**Instructions for the task:** Begin with the line containing "picture [41, 47, 231, 172]" and copy every line after it to the end of the entries, exactly, leaving out the lines before it.

-----

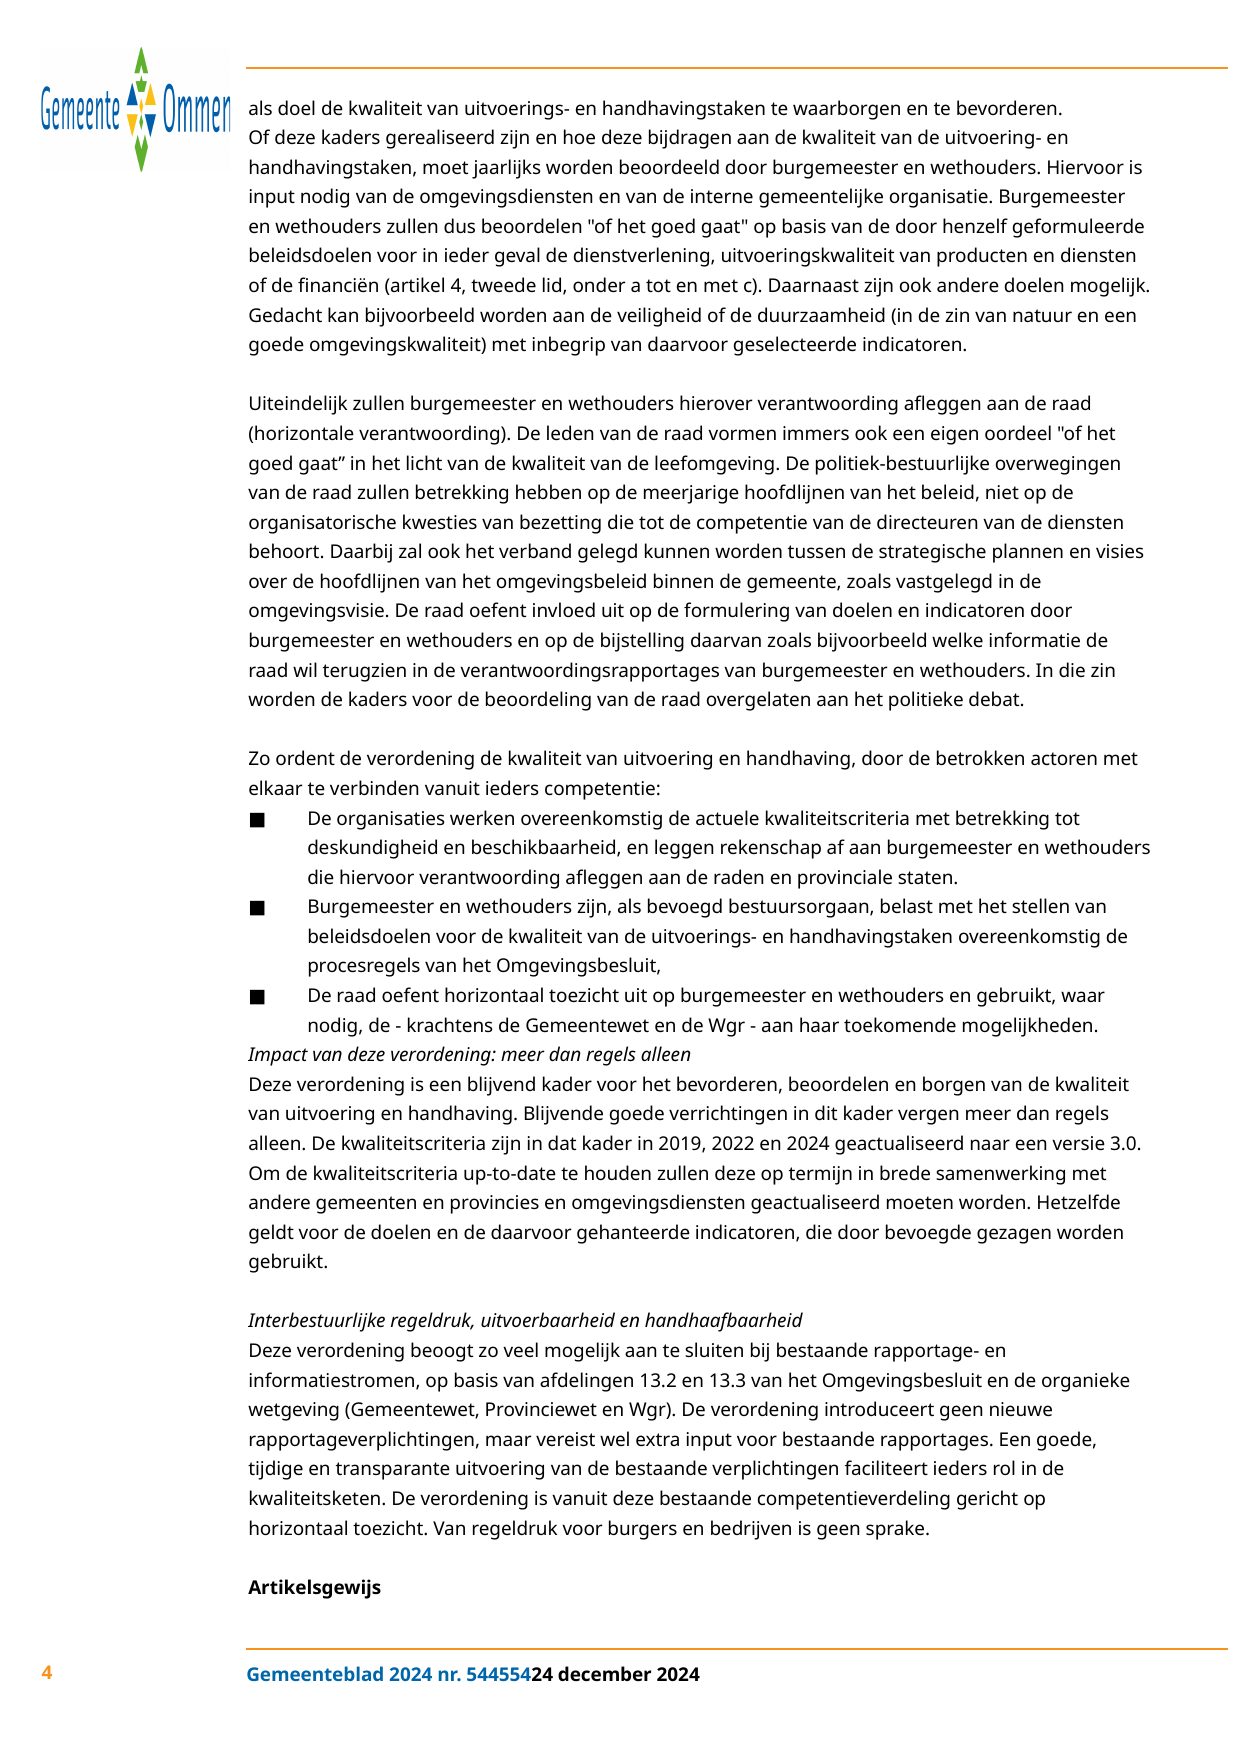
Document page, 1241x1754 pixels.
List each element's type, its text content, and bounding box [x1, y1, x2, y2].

text Of deze kaders gerealiseerd zijn en hoe deze bijdragen aan de kwaliteit van de uitvoering- en handhavingstaken, moet jaarlijks worden beoordeeld door burgemeester en wethouders. Hiervoor is input nodig van de omgevingsdiensten en van de interne gemeentelijke organisatie. Burgemeester en wethouders zullen dus beoordelen "of het goed gaat" op basis van de door henzelf geformuleerde beleidsdoelen voor in ieder geval de dienstverlening, uitvoeringskwaliteit van producten en diensten of de financiën (artikel 4, tweede lid, onder a tot en met c). Daarnaast zijn ook andere doelen mogelijk. Gedacht kan bijvoorbeeld worden aan de veiligheid of de duurzaamheid (in de zin van natuur en een goede omgevingskwaliteit) met inbegrip van daarvoor geselecteerde indicatoren. [248, 124, 1152, 357]
list De raad oefent horizontaal toezicht uit op burgemeester en wethouders en gebruikt, waar nodig, de - krachtens de Gemeentewet en de Wgr - aan haar toekomende mogelijkheden. [248, 982, 1152, 1038]
text Impact van deze verordening: meer dan regels alleen [248, 1041, 1152, 1067]
list Burgemeester en wethouders zijn, als bevoegd bestuursorgaan, belast met het stellen van beleidsdoelen voor de kwaliteit van de uitvoerings- en handhavingstaken overeenkomstig de procesregels van het Omgevingsbesluit, [248, 893, 1152, 978]
text Interbestuurlijke regeldruk, uitvoerbaarheid en handhaafbaarheid [248, 1308, 1152, 1333]
text Uiteindelijk zullen burgemeester en wethouders hierover verantwoording afleggen aan de raad (horizontale verantwoording). De leden van de raad vormen immers ook een eigen oordeel "of het goed gaat” in het licht van de kwaliteit van de leefomgeving. De politiek-bestuurlijke overwegingen van de raad zullen betrekking hebben op de meerjarige hoofdlijnen van het beleid, niet op de organisatorische kwesties van bezetting die tot de competentie van de directeuren van de diensten behoort. Daarbij zal ook het verband gelegd kunnen worden tussen de strategische plannen en visies over de hoofdlijnen van het omgevingsbeleid binnen de gemeente, zoals vastgelegd in de omgevingsvisie. De raad oefent invloed uit op de formulering van doelen en indicatoren door burgemeester en wethouders en op de bijstelling daarvan zoals bijvoorbeeld welke informatie de raad wil terugzien in de verantwoordingsrapportages van burgemeester en wethouders. In die zin worden de kaders voor de beoordeling van de raad overgelaten aan het politieke debat. [248, 391, 1152, 712]
text Deze verordening is een blijvend kader voor het bevorderen, beoordelen en borgen van de kwaliteit van uitvoering en handhaving. Blijvende goede verrichtingen in dit kader vergen meer dan regels alleen. De kwaliteitscriteria zijn in dat kader in 2019, 2022 en 2024 geactualiseerd naar een versie 3.0. Om de kwaliteitscriteria up-to-date te houden zullen deze op termijn in brede samenwerking met andere gemeenten en provincies en omgevingsdiensten geactualiseerd moeten worden. Hetzelfde geldt voor de doelen en de daarvoor gehanteerde indicatoren, die door bevoegde gezagen worden gebruikt. [248, 1071, 1152, 1274]
text Deze verordening beoogt zo veel mogelijk aan te sluiten bij bestaande rapportage- en informatiestromen, op basis van afdelingen 13.2 en 13.3 van het Omgevingsbesluit en de organieke wetgeving (Gemeentewet, Provinciewet en Wgr). De verordening introduceert geen nieuwe rapportageverplichtingen, maar vereist wel extra input voor bestaande rapportages. Een goede, tijdige en transparante uitvoering van de bestaande verplichtingen faciliteert ieders rol in de kwaliteitsketen. De verordening is vanuit deze bestaande competentieverdeling gericht op horizontaal toezicht. Van regeldruk voor burgers en bedrijven is geen sprake. [248, 1337, 1152, 1541]
text als doel de kwaliteit van uitvoerings- en handhavingstaken te waarborgen en te bevorderen. [248, 95, 1152, 121]
text Zo ordent de verordening de kwaliteit van uitvoering en handhaving, door de betrokken actoren met elkaar te verbinden vanuit ieders competentie: [248, 746, 1152, 801]
list De organisaties werken overeenkomstig de actuele kwaliteitscriteria met betrekking tot deskundigheid en beschikbaarheid, en leggen rekenschap af aan burgemeester en wethouders die hiervoor verantwoording afleggen aan de raden en provinciale staten. [248, 805, 1152, 890]
picture [41, 47, 231, 172]
text Artikelsgewijs [248, 1574, 1152, 1600]

-----

**Result of this exercise:**
picture [41, 47, 231, 172]
text Artikelsgewijs [248, 1574, 1152, 1600]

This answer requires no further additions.